**TASK ITEM:** Every record below should be repeated exactly. Omit the pictures.

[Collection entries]
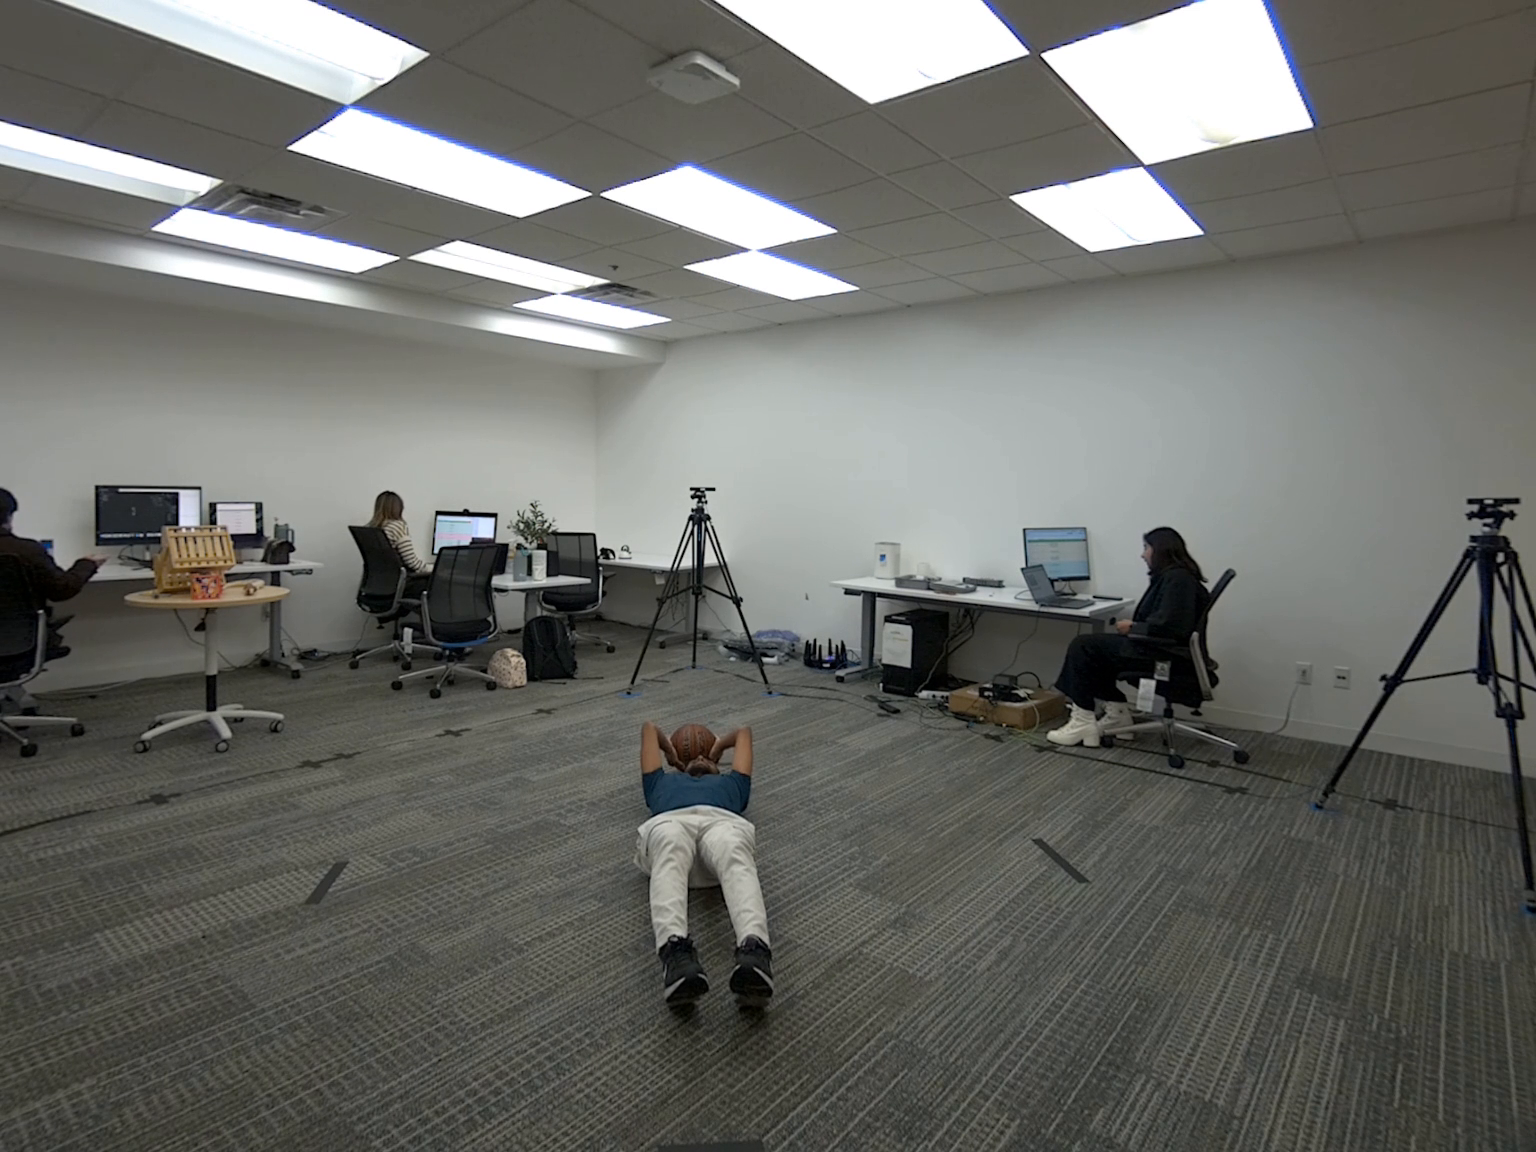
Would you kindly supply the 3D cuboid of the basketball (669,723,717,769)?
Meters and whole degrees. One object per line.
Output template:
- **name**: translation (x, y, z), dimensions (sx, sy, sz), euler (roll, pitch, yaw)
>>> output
- **basketball**: translation (-0.373, 0.824, 4.114), dimensions (0.235, 0.235, 0.237), euler (1, 4, -2)

**RESULT OF THIS TASK:**
Would you kindly supply the 3D cuboid of the basketball (669,723,717,769)?
Meters and whole degrees. One object per line.
Output template:
- **name**: translation (x, y, z), dimensions (sx, sy, sz), euler (roll, pitch, yaw)
>>> output
- **basketball**: translation (-0.373, 0.824, 4.114), dimensions (0.235, 0.235, 0.237), euler (1, 4, -2)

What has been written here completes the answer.